Mass shootings involving mentally ill suspects often prompt discussion about what warning signs doctors should have reported. These questions persist even in cases when doctors had alerted authorities, as happened before the 2012 movie theater tragedy in Aurora, Colo.
After the Sandy Hook Elementary School shooting, one of Obama’s 23 executive actions was to clarify that “no federal law” prohibits health-care professionals from reporting threats of violence to the police. This mandate was accomplished via an open letter to the health-care community explaining that HIPAA allows doctors to issue appropriate warnings when they believe that patients present a serious and imminent threat to themselves or someone else. In such cases, doctors can disclose necessary information to law enforcement, school officials, family members, the target of a credible threat or anyone else in a position to avert the danger. Under the HIPAA rules, doctors who take these steps are generally presumed to have acted in good faith.

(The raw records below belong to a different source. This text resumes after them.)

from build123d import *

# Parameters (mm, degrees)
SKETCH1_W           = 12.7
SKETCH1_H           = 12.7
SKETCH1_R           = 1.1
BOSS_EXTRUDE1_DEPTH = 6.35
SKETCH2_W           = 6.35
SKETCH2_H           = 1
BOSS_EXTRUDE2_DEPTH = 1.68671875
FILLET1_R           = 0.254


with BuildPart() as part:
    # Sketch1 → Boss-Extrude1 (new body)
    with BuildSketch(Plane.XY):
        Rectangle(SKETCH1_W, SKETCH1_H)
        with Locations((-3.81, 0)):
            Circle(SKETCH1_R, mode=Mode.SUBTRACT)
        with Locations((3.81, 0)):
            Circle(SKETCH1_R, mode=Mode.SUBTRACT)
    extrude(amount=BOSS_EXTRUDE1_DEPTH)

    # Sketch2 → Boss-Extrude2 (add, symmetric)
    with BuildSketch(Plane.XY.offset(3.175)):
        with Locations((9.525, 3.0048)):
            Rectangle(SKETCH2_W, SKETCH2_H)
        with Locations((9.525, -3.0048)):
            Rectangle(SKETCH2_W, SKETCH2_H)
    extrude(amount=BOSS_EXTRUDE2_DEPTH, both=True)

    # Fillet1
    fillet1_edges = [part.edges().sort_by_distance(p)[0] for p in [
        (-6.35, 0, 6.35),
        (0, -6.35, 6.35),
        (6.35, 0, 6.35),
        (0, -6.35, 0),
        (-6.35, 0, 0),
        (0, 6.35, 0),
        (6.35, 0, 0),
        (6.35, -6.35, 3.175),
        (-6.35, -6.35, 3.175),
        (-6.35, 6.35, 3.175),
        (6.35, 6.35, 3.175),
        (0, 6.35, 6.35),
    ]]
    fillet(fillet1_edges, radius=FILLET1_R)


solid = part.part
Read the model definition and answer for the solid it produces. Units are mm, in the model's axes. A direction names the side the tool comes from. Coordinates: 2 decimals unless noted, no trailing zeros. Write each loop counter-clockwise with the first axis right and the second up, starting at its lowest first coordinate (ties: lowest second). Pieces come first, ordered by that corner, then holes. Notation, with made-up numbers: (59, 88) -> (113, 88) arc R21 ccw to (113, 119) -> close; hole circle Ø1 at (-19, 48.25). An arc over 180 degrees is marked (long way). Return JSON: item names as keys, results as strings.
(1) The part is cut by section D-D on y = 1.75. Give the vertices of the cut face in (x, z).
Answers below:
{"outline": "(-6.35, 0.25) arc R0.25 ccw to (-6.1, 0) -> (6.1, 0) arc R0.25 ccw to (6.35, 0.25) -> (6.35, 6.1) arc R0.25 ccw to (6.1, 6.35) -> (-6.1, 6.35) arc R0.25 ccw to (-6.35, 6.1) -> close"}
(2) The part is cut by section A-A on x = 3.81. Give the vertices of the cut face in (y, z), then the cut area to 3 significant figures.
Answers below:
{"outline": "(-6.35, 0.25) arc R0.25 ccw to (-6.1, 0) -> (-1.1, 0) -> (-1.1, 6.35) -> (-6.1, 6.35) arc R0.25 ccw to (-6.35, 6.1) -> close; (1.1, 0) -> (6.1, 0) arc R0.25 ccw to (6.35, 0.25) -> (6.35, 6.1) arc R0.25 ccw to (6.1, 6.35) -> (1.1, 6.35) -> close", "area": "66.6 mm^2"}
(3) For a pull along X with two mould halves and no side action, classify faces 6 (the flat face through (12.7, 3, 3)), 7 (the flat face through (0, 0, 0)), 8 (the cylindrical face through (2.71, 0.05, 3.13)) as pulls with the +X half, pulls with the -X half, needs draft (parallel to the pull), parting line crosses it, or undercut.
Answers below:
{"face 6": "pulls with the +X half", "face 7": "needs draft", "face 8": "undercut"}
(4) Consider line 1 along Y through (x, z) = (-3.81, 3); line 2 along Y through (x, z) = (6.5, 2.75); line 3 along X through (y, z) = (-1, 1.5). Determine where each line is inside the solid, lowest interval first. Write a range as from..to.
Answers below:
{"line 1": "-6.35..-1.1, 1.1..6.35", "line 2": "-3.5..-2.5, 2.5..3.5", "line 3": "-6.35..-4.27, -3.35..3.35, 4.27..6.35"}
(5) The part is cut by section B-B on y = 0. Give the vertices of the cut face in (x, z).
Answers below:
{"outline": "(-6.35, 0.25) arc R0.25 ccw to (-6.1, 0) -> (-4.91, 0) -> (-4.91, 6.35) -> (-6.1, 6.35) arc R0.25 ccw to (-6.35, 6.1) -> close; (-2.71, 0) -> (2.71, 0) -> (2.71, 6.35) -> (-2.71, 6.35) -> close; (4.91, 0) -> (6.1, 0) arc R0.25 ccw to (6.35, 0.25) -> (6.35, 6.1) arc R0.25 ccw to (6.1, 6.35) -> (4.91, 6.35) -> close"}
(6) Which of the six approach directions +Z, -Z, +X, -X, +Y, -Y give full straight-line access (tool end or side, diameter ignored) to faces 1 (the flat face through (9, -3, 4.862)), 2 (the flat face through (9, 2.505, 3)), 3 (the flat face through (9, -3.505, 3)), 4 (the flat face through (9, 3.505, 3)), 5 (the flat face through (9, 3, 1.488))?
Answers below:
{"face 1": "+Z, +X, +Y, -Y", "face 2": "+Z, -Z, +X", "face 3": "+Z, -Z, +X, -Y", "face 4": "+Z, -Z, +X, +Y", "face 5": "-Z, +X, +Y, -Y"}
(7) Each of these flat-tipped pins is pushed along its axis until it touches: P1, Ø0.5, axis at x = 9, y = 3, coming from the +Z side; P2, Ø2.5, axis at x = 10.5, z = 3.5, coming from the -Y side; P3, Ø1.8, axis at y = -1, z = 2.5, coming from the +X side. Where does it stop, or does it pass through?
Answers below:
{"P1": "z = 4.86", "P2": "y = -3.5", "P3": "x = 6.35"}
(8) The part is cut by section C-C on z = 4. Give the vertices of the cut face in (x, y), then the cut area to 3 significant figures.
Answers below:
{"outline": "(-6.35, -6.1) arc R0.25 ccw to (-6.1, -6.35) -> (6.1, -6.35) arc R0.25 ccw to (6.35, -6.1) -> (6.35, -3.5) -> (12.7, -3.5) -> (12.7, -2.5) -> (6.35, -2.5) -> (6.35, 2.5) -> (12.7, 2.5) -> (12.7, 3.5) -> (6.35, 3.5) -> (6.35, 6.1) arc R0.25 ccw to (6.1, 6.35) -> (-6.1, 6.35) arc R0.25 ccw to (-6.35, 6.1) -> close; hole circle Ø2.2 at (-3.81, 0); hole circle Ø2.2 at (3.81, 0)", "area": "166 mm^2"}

When patients make threats or pose a high suicide risk, doctors often have a “duty to warn” emanating from state laws, court decisions or professional ethics rules. HIPAA does not in itself impose such a duty, but it explicitly permits health-care professionals to take action “consistent with” these standards.
HIPAA is often singled out as the basis of patient confidentiality. Yet privacy was a core value in health care long before the HIPAA rules were promulgated in the early 2000s. The Hippocratic Oath admonishes doctors to keep secret what they “see or hear” from patients. The American Medical Association’s first code of ethics, adopted in 1847, emphasized the “obligation of secrecy” at the heart of the doctor-patient relationship.
In practice, HIPAA provides a federal floor of privacy protections, not a ceiling. It defers to state laws that are “more stringent” or protective of patient rights. State laws that create additional safeguards for conditions deemed especially sensitive — whether HIV/AIDS, communicable diseases, cancer or mental illness — remain in full force. Neither does HIPAA override other federal laws. Thus, for example, substance-abuse programs subject to 1970s-era federal confidentiality requirements continue to follow those stricter standards in the vast majority of cases.
Even where HIPAA allows health information to be shared, it almost never requires it. Doctors and hospitals must still be cognizant of other applicable laws or professional ethics guidelines that impose stricter limitations. HIPAA is designed to align with these obligations as often as possible, but those instances where gaps arise tend to be the most complex and emotionally fraught.
HIPAA established a procedural framework for doctors, hospitals and other health-care players to exchange information without compromising patient privacy. Even if the law disappeared tomorrow, the legal precepts and ethical norms that long preceded it would remain in place — as would many of the frustrations cited by HIPAA’s most ardent detractors. This month, the House of Representatives proclaimed that “there exists confusion in the health care community around what is currently permissible under HIPAA rules.” Alas, that just may be the most accurate statement about HIPAA ever uttered.